[Excerpts from a dataset]
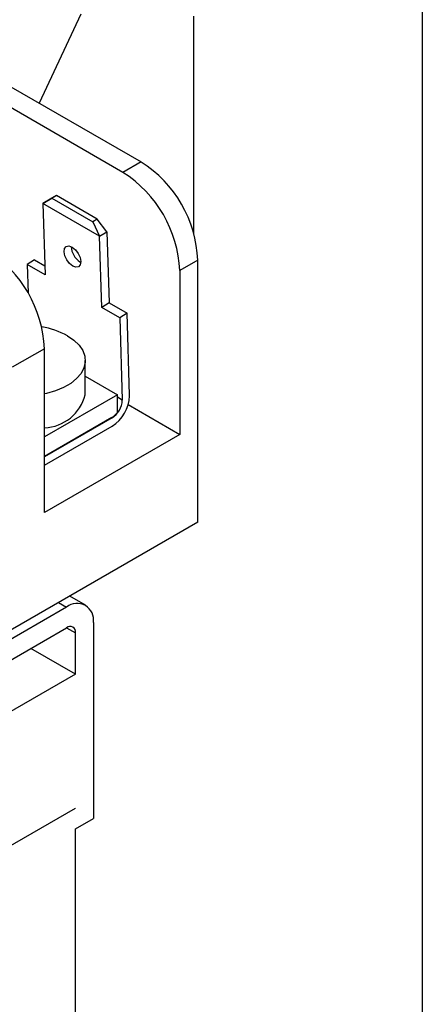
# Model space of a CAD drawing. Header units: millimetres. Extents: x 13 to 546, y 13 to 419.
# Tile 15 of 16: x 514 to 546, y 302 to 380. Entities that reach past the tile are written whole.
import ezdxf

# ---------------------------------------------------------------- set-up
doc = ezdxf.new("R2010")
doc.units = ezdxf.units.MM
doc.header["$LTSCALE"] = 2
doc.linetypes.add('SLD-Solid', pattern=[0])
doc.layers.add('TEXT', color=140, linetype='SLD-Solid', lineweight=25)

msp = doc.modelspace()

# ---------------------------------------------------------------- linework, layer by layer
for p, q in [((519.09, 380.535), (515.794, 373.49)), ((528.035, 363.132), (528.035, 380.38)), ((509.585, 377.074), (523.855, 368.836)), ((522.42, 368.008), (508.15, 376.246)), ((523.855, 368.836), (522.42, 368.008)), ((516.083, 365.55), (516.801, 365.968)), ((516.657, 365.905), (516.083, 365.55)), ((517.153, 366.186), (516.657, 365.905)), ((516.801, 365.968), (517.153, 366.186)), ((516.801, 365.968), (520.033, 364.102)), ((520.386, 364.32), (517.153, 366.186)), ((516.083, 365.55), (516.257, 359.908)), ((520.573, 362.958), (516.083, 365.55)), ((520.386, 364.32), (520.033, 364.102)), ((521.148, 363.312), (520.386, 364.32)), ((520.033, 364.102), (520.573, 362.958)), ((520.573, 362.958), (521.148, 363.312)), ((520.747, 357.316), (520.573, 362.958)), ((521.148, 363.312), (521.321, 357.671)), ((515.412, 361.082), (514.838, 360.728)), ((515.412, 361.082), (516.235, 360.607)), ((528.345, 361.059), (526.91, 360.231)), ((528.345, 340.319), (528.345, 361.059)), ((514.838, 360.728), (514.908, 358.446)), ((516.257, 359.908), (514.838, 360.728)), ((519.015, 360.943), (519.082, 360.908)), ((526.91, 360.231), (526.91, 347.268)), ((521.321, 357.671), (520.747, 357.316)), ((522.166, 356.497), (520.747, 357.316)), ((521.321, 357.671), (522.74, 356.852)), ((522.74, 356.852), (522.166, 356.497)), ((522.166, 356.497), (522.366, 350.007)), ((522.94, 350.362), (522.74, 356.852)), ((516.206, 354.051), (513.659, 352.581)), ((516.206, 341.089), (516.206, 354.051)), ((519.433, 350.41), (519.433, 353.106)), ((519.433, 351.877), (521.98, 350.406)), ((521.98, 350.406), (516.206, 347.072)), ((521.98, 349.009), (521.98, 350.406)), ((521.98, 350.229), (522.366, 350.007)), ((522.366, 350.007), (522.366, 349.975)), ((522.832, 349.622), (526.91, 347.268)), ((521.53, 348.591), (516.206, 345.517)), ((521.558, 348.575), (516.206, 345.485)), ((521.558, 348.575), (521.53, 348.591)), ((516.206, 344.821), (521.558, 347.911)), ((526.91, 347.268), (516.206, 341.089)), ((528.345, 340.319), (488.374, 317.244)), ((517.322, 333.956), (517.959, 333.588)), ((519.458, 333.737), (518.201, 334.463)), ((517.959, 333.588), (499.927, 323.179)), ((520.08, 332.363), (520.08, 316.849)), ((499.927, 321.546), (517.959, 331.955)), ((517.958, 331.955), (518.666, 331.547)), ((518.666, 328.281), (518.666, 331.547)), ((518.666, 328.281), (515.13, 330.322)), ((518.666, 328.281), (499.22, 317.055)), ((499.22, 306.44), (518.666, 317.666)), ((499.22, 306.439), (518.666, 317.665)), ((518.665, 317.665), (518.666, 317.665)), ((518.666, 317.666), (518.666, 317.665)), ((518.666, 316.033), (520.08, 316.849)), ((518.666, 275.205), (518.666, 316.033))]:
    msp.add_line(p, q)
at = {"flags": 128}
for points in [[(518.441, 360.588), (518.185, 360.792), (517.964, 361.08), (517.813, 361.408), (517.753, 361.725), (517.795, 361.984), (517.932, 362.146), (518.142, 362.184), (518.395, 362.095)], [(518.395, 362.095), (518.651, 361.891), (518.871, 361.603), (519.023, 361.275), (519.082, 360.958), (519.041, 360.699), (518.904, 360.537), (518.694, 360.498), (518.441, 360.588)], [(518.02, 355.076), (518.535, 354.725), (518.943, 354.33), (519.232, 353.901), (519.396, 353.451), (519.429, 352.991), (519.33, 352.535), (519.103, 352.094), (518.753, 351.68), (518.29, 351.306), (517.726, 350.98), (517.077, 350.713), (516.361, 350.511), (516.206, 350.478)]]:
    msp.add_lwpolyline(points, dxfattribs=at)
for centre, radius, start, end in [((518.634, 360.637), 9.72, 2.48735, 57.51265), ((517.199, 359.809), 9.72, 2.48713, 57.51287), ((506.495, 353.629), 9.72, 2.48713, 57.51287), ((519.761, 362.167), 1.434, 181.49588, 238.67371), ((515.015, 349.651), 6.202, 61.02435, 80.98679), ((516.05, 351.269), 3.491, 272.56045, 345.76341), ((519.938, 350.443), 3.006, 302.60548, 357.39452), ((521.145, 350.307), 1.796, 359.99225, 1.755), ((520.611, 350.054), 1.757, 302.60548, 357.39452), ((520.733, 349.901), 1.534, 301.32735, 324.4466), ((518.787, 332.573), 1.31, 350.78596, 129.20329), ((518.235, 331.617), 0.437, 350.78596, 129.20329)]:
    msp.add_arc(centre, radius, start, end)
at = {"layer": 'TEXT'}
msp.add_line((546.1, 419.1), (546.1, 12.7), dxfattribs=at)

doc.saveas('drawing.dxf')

About this task
Print all the records exactly, minus any images.

Solution to this task
# Model space of a CAD drawing. Header units: millimetres. Extents: x 13 to 546, y 13 to 419.
# Tile 15 of 16: x 514 to 546, y 302 to 380. Entities that reach past the tile are written whole.
import ezdxf

# ---------------------------------------------------------------- set-up
doc = ezdxf.new("R2010")
doc.units = ezdxf.units.MM
doc.header["$LTSCALE"] = 2
doc.linetypes.add('SLD-Solid', pattern=[0])
doc.layers.add('TEXT', color=140, linetype='SLD-Solid', lineweight=25)

msp = doc.modelspace()

# ---------------------------------------------------------------- linework, layer by layer
for p, q in [((519.09, 380.535), (515.794, 373.49)), ((528.035, 363.132), (528.035, 380.38)), ((509.585, 377.074), (523.855, 368.836)), ((522.42, 368.008), (508.15, 376.246)), ((523.855, 368.836), (522.42, 368.008)), ((516.083, 365.55), (516.801, 365.968)), ((516.657, 365.905), (516.083, 365.55)), ((517.153, 366.186), (516.657, 365.905)), ((516.801, 365.968), (517.153, 366.186)), ((516.801, 365.968), (520.033, 364.102)), ((520.386, 364.32), (517.153, 366.186)), ((516.083, 365.55), (516.257, 359.908)), ((520.573, 362.958), (516.083, 365.55)), ((520.386, 364.32), (520.033, 364.102)), ((521.148, 363.312), (520.386, 364.32)), ((520.033, 364.102), (520.573, 362.958)), ((520.573, 362.958), (521.148, 363.312)), ((520.747, 357.316), (520.573, 362.958)), ((521.148, 363.312), (521.321, 357.671)), ((515.412, 361.082), (514.838, 360.728)), ((515.412, 361.082), (516.235, 360.607)), ((528.345, 361.059), (526.91, 360.231)), ((528.345, 340.319), (528.345, 361.059)), ((514.838, 360.728), (514.908, 358.446)), ((516.257, 359.908), (514.838, 360.728)), ((519.015, 360.943), (519.082, 360.908)), ((526.91, 360.231), (526.91, 347.268)), ((521.321, 357.671), (520.747, 357.316)), ((522.166, 356.497), (520.747, 357.316)), ((521.321, 357.671), (522.74, 356.852)), ((522.74, 356.852), (522.166, 356.497)), ((522.166, 356.497), (522.366, 350.007)), ((522.94, 350.362), (522.74, 356.852)), ((516.206, 354.051), (513.659, 352.581)), ((516.206, 341.089), (516.206, 354.051)), ((519.433, 350.41), (519.433, 353.106)), ((519.433, 351.877), (521.98, 350.406)), ((521.98, 350.406), (516.206, 347.072)), ((521.98, 349.009), (521.98, 350.406)), ((521.98, 350.229), (522.366, 350.007)), ((522.366, 350.007), (522.366, 349.975)), ((522.832, 349.622), (526.91, 347.268)), ((521.53, 348.591), (516.206, 345.517)), ((521.558, 348.575), (516.206, 345.485)), ((521.558, 348.575), (521.53, 348.591)), ((516.206, 344.821), (521.558, 347.911)), ((526.91, 347.268), (516.206, 341.089)), ((528.345, 340.319), (488.374, 317.244)), ((517.322, 333.956), (517.959, 333.588)), ((519.458, 333.737), (518.201, 334.463)), ((517.959, 333.588), (499.927, 323.179)), ((520.08, 332.363), (520.08, 316.849)), ((499.927, 321.546), (517.959, 331.955)), ((517.958, 331.955), (518.666, 331.547)), ((518.666, 328.281), (518.666, 331.547)), ((518.666, 328.281), (515.13, 330.322)), ((518.666, 328.281), (499.22, 317.055)), ((499.22, 306.44), (518.666, 317.666)), ((499.22, 306.439), (518.666, 317.665)), ((518.665, 317.665), (518.666, 317.665)), ((518.666, 317.666), (518.666, 317.665)), ((518.666, 316.033), (520.08, 316.849)), ((518.666, 275.205), (518.666, 316.033))]:
    msp.add_line(p, q)
at = {"flags": 128}
for points in [[(518.441, 360.588), (518.185, 360.792), (517.964, 361.08), (517.813, 361.408), (517.753, 361.725), (517.795, 361.984), (517.932, 362.146), (518.142, 362.184), (518.395, 362.095)], [(518.395, 362.095), (518.651, 361.891), (518.871, 361.603), (519.023, 361.275), (519.082, 360.958), (519.041, 360.699), (518.904, 360.537), (518.694, 360.498), (518.441, 360.588)], [(518.02, 355.076), (518.535, 354.725), (518.943, 354.33), (519.232, 353.901), (519.396, 353.451), (519.429, 352.991), (519.33, 352.535), (519.103, 352.094), (518.753, 351.68), (518.29, 351.306), (517.726, 350.98), (517.077, 350.713), (516.361, 350.511), (516.206, 350.478)]]:
    msp.add_lwpolyline(points, dxfattribs=at)
for centre, radius, start, end in [((518.634, 360.637), 9.72, 2.48735, 57.51265), ((517.199, 359.809), 9.72, 2.48713, 57.51287), ((506.495, 353.629), 9.72, 2.48713, 57.51287), ((519.761, 362.167), 1.434, 181.49588, 238.67371), ((515.015, 349.651), 6.202, 61.02435, 80.98679), ((516.05, 351.269), 3.491, 272.56045, 345.76341), ((519.938, 350.443), 3.006, 302.60548, 357.39452), ((521.145, 350.307), 1.796, 359.99225, 1.755), ((520.611, 350.054), 1.757, 302.60548, 357.39452), ((520.733, 349.901), 1.534, 301.32735, 324.4466), ((518.787, 332.573), 1.31, 350.78596, 129.20329), ((518.235, 331.617), 0.437, 350.78596, 129.20329)]:
    msp.add_arc(centre, radius, start, end)
at = {"layer": 'TEXT'}
msp.add_line((546.1, 419.1), (546.1, 12.7), dxfattribs=at)

doc.saveas('drawing.dxf')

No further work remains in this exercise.